Jean-Antoine Le Clerc, also known as Louis Milfort, also spelled as Milford (February 2, 1752 - 1817/1820) was a French military officer and adventurer who led Creek Indian warriors during the American Revolutionary War as allies of the British. He emigrated to the British Colonies in North America in 1775. Beginning in 1776, he lived with the Creek Indians of the Upper Towns for about 20 years in frontier territory of present-day Alabama. He was befriended by the chief Alexander McGillivray, who used him as his war chief in battles. Later, after his return to Paris, Milfort joined the French Sacred Society of Sophisians. Commissioned a general in the army, he was forced into retirement with a pension.

Early life
He was born as Jean-Antoine Le Clerc, but used several alternatives and aliases during his life, especially Jean LeClerc Milfort, and Louis Le Clerc Milfort. He was from Thin-le-Moutier, near Mézières, France. He served in the French army from 1764-1774. According to his 1802 memoir, after having killed a servant of the king's household in a duel, Milfort emigrated to North America, arriving in Boston.

Among the Creek Indians
He went to Indian territory east of the Mississippi River (present-day Alabama), where he lived and traveled with the Creek Indians of the Upper Towns, in what was former French territory of La Louisiane. He gained Creek friendship by adopting their customs and was said to have been adopted into the tribe.

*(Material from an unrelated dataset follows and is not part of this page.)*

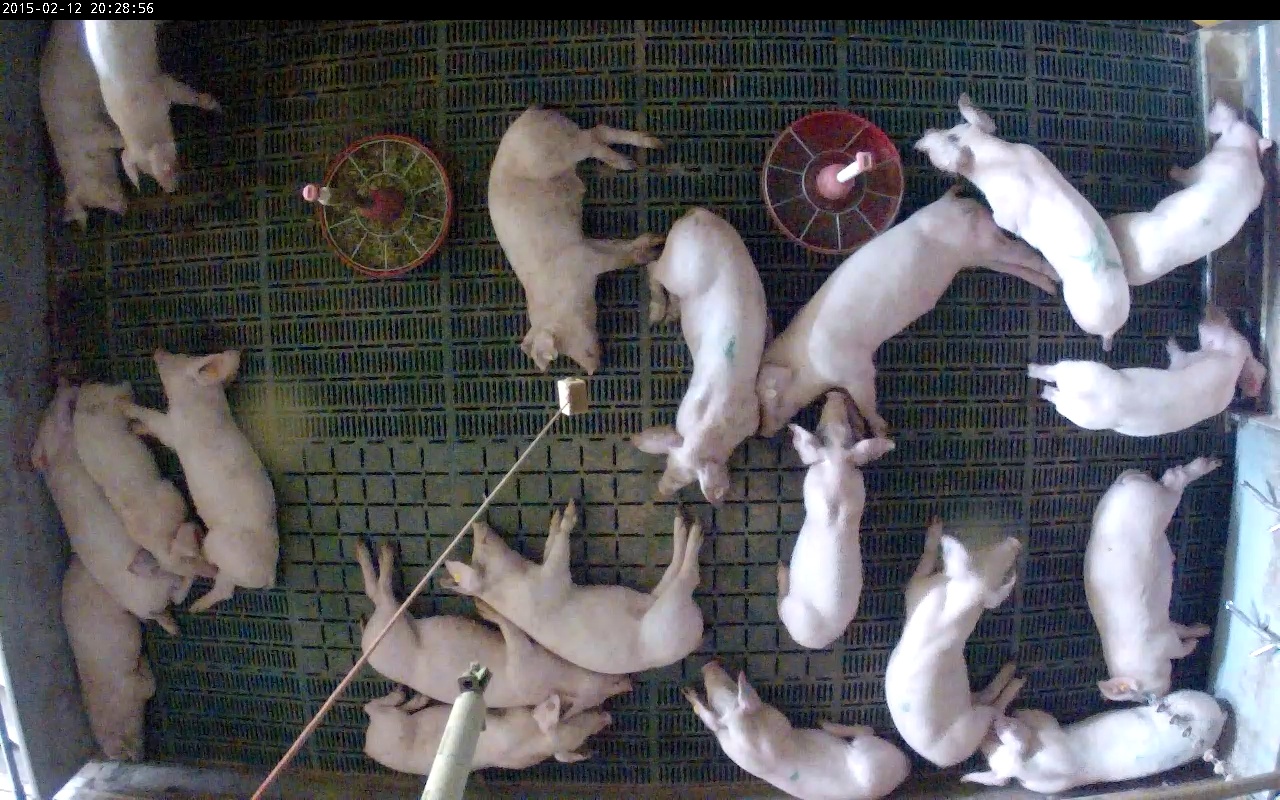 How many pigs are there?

20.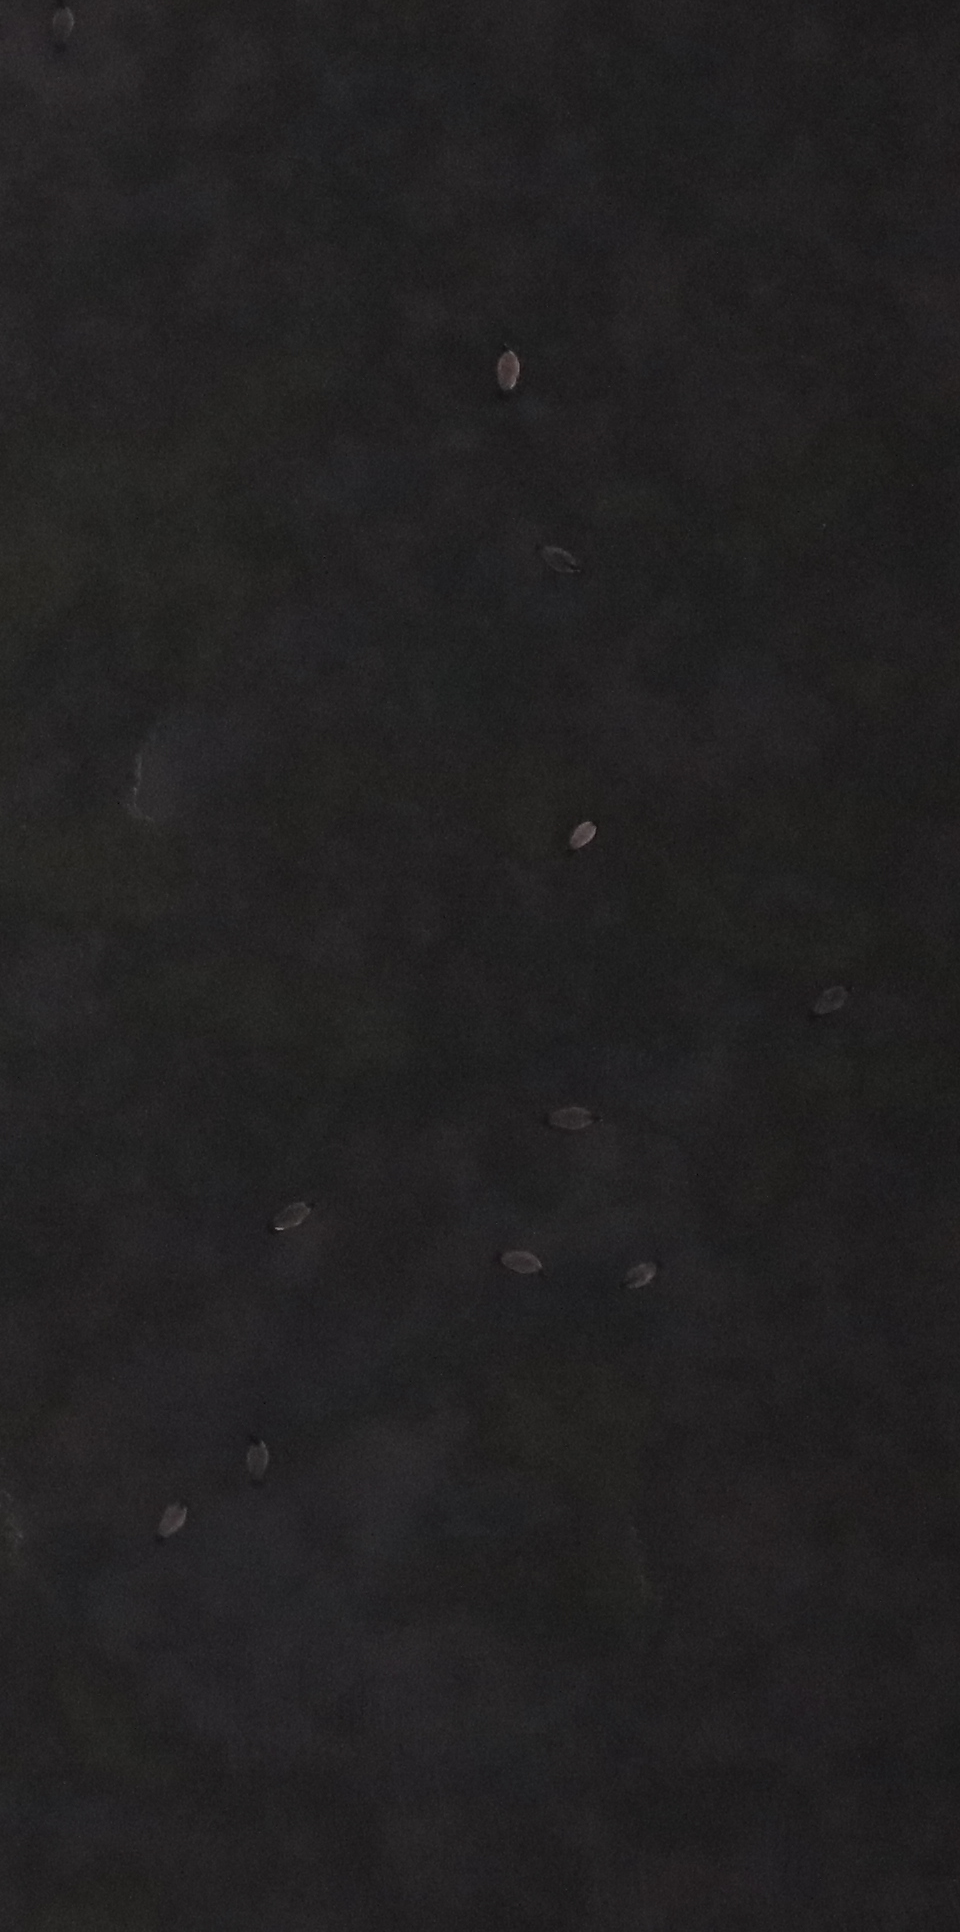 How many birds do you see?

11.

Milfort lived with the Upper Creek in present-day Alabama from 1776 until 1795.

During the American Revolutionary war, Colonel Alexander McGillivray, chief of the Creek and commissioned by his British allies, directed several expeditions against the rebel colonists.  He relied on Le Clerc Milfort as his War Chief, or Tustunneggee (Tastenagy), to carry out his orders.  Milfort led Upper Creek forces in battles against colonial frontier settlements.  McGillivray remained at his base, controlling the chiefs, and compelling them to raise warriors to attack other settlements.

Marriage and family
As part of his alliance with the Creek, Milfort married Jeannet McGillivray, a sister of the chief Alexander McGillivray, of the Creek Indian Nation. They were both of Creek and Scots descent. Their nephew was the chief William "Red Eagle" Weatherford.

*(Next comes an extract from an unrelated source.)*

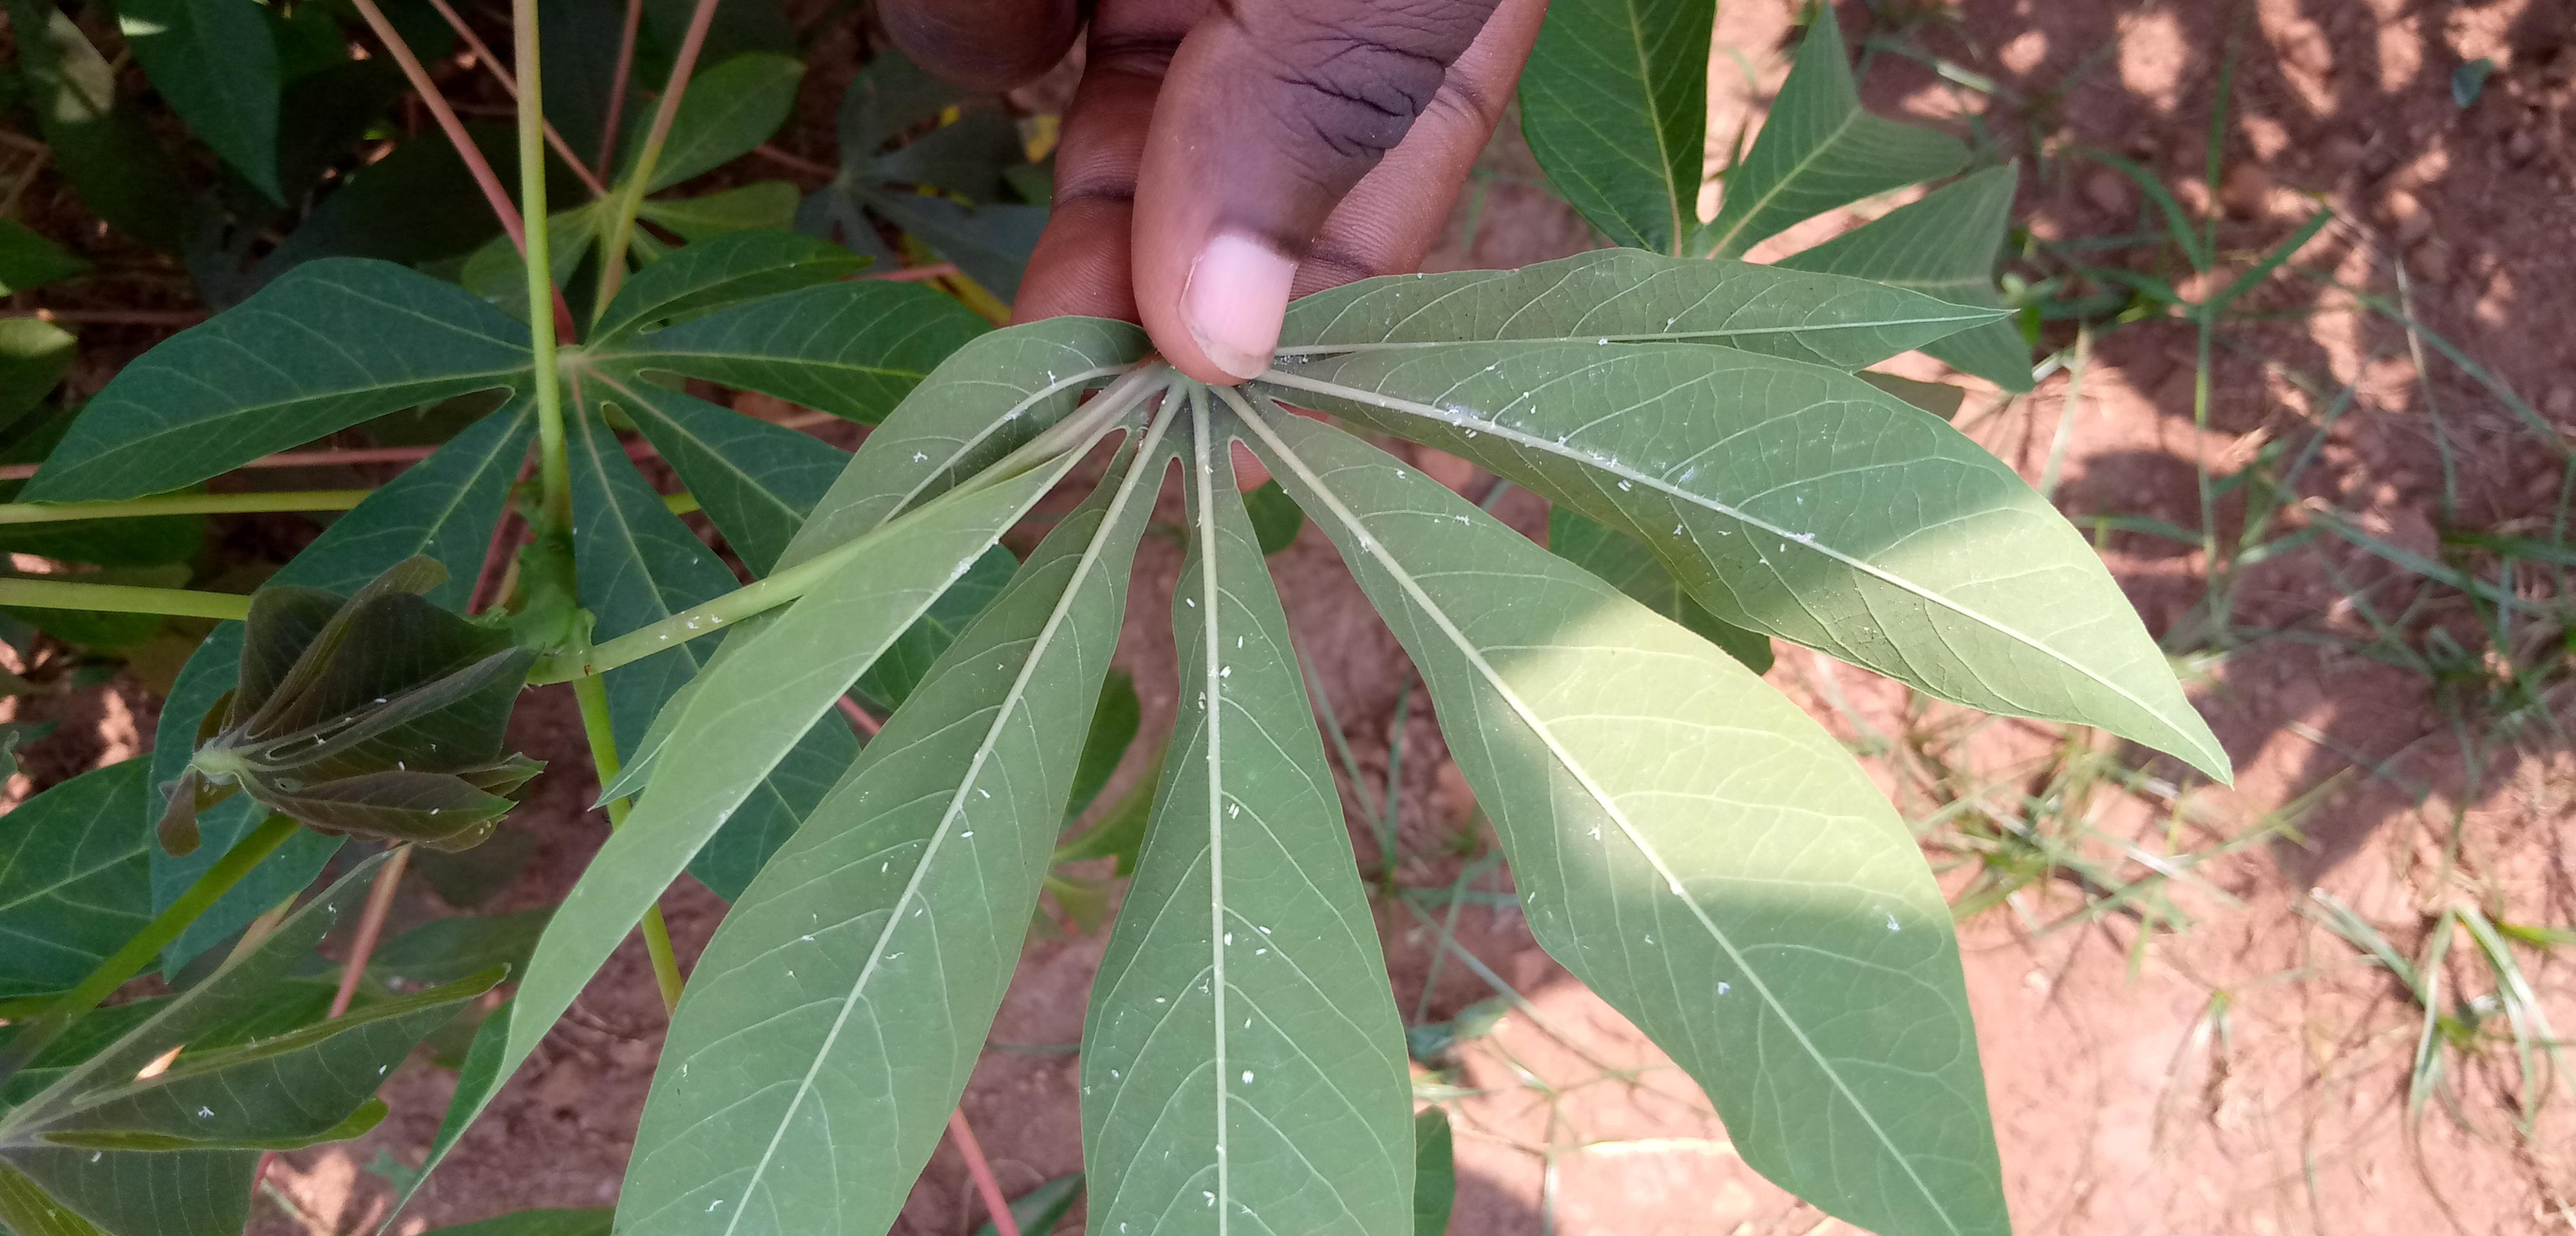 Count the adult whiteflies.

50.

After returning to France, Milfort married a French woman named Marie-Anne Beya.

Return to France
Hearing of the changes after the French Revolution, Milfort went to Philadelphia to get a passport in 1795. He returned to Paris in 1799.  He joined the Sacred Order of the Sophisians, a secret society formed during the Napoleonic years, as the 41st member.  He offered his services to the government, specifically to make a Franco-Creek alliance and revive French claims in North America.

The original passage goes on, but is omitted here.